3. If $\text{A=}$\[\left| \begin{matrix}1 & 2  \\   4 & 2  \\ \end{matrix} \right|\], then show that \[\left| \text{2A} \right|\text{=4}\left| \text{A} \right|\].

Ans: Given that,\[\text{A=}\left[ \begin{matrix} \text{1} & \text{2} \\ \text{4} & \text{2} \\ \end{matrix} \right]\] Multiplying $\text{A}$ by $2$, we have: \[\Rightarrow \text{2A= 2}\left[ \begin{matrix} \text{1} & \text{2} \\ \text{4} & \text{2} \\ \end{matrix} \right]\text{=}\left[ \begin{matrix} \text{2} & \text{4} \\ \text{8} & \text{4} \\ \end{matrix} \right]\] \[\Rightarrow \text{2A=}\left[ \begin{matrix} \text{2} & \text{4} \\ \text{8} & \text{4} \\ \end{matrix} \right]\] \[\therefore \] L.H.S \[\text{=}\left| \text{2A} \right|\text{=}\left| \begin{matrix} \text{2} & \text{4} \\ \text{8} & \text{4} \\ \end{matrix} \right|\] \[\Rightarrow \left| \text{2A} \right|\text{=}2\times 4-4\times 8\] \[\Rightarrow \left| \text{2A} \right|\text{=}8-32\] \[\therefore \left| \text{2A} \right|\text{=}-24\] The value of determinant $\text{A}$ is \[\Rightarrow \left| \text{A} \right|\text{=}\left| \begin{matrix} \text{1} & \text{2} \\ \text{4} & \text{2} \\ \end{matrix} \right|\] \[\Rightarrow \left| \text{A} \right|\text{=}2-8\] \[\therefore \left| \text{A} \right|\text{=}-6\] R.H.S is given as $\text{4}\left| \text{A} \right|$. \[\therefore \text{4}\left| \text{A} \right|\text{=4 }\!\!\times\!\!\text{ }\left( \text{-6} \right)\text{=-24}\] Hence, we have L.H.S $=$ R.H.S \[\therefore \left| \text{2A} \right|\text{=4}\left| \text{A} \right|\].

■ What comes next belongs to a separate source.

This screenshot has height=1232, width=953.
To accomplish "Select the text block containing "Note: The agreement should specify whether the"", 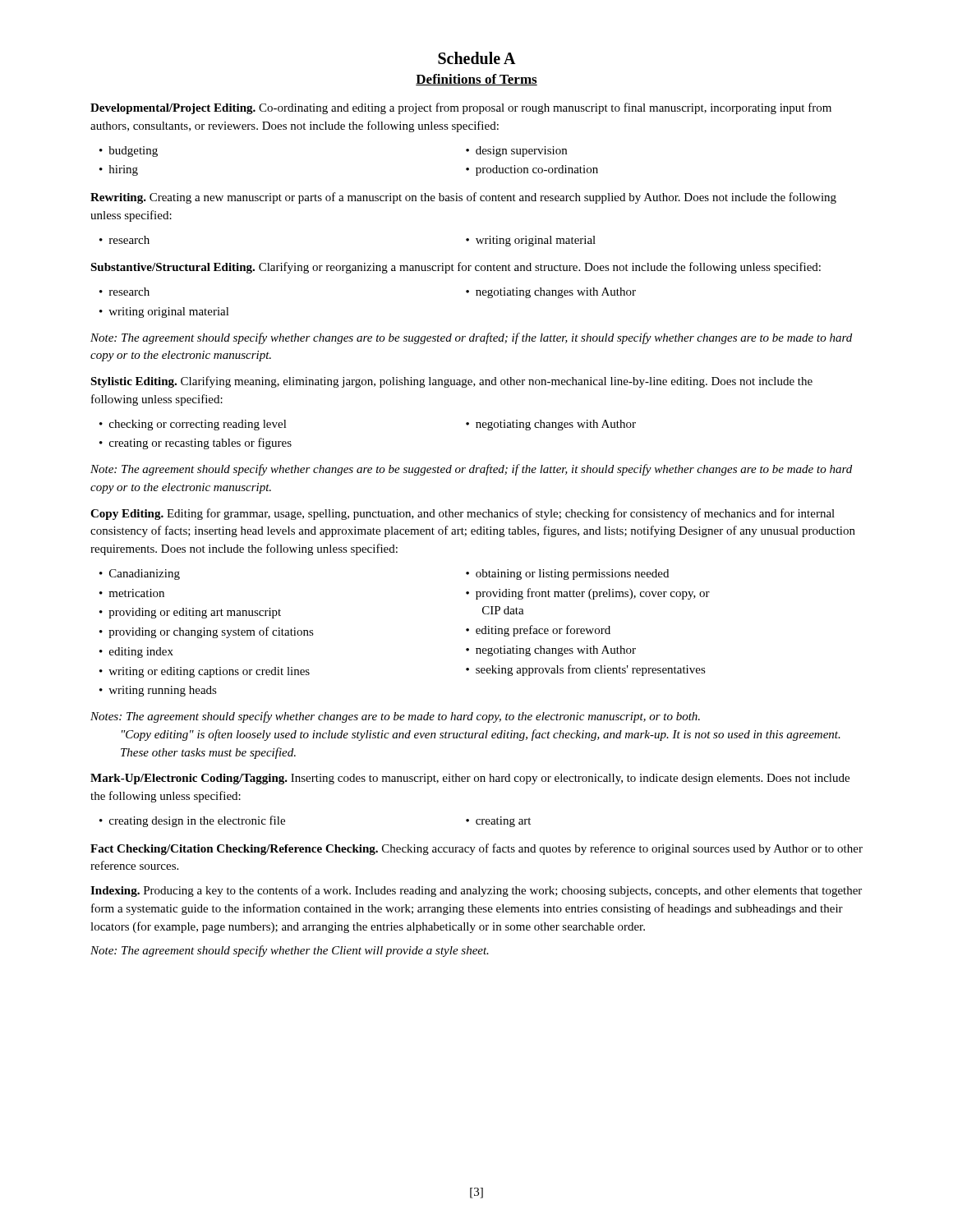I will pyautogui.click(x=290, y=950).

4. If \[\text{A=}\left[ \begin{matrix} 1 & 0 & 1  \\  0 & 1 & 2  \\ 0 & 0 & 4  \\  \end{matrix} \right]\], then show that \[\left| {\text{3A}} \right|\text{=27}\left| \text{A} \right|\].


Ans: Given, 

\[\text{A=}\left[ \begin{matrix} \text{1} & \text{0} & \text{1} \\ \text{0} & \text{1} & \text{2} \\ \text{0} & \text{0} & \text{4} \\ \end{matrix} \right]\] Determining the value of determinant $\text{A}$, by expanding along the first column, i.e., \[\text{C1}\], we get: \[\Rightarrow \left| \text{A} \right|\text{=1}\left| \begin{matrix} \text{1} & \text{2} \\ \text{0} & \text{4} \\ \end{matrix} \right|\text{-0}\left| \begin{matrix} \text{0} & \text{1} \\ \text{0} & \text{4} \\ \end{matrix} \right|\text{+0}\left| \begin{matrix} \text{0} & \text{1} \\ \text{1} & \text{2} \\ \end{matrix} \right|\] \[\Rightarrow \left| \text{A} \right|\text{=}1\left( 4-0 \right)-0+0\] \[\Rightarrow \left| \text{A} \right|\text{=4}\] \[\therefore 27\left| \text{A} \right|\text{=27}\times \text{4}=\text{108}\] ……(1) The value of $\left| 3\text{A} \right|$ is obtained as: \[\begin{align} & \Rightarrow \text{3A=3}\left[ \begin{matrix} \text{1} & \text{0} & \text{1} \\ \text{0} & \text{1} & \text{2} \\ \text{0} & \text{0} & \text{4} \\ \end{matrix} \right] \\ & \Rightarrow \text{3A=}\left[ \begin{matrix} \text{3} & \text{0} & \text{3} \\ \text{0} & \text{3} & \text{6} \\ \text{0} & \text{0} & \text{12} \\ \end{matrix} \right] \\ \end{align}\] \[\therefore \left| \text{3A} \right|\text{=3}\left| \begin{matrix} \text{3} & \text{6} \\ \text{0} & \text{12} \\ \end{matrix} \right|\text{-0}\left| \begin{matrix} \text{0} & \text{3} \\ \text{0} & \text{12} \\ \end{matrix} \right|\text{+0}\left| \begin{matrix} \text{0} & \text{3} \\ \text{3} & \text{6} \\ \end{matrix} \right|\] \[\Rightarrow \text{3}\left( \text{36-0} \right)\text{+0+0}\] \[\Rightarrow \left| \text{3A} \right|\text{=3}\times \text{36}\] Thus, \[\left| \text{3A} \right|\text{=}108\] ……(2) From equations (1) and (2), we have: \[\left| \text{3A} \right|\text{=27}\left| \text{A} \right|\]

Hence proved.

5. Evaluate the determinants

i. \[\left| \begin{matrix} \text{3} & \text{-1} & \text{-2} \\ \text{0} & \text{0} & \text{-1} \\ \text{3} & \text{-5} & \text{0} \\ \end{matrix} \right|\]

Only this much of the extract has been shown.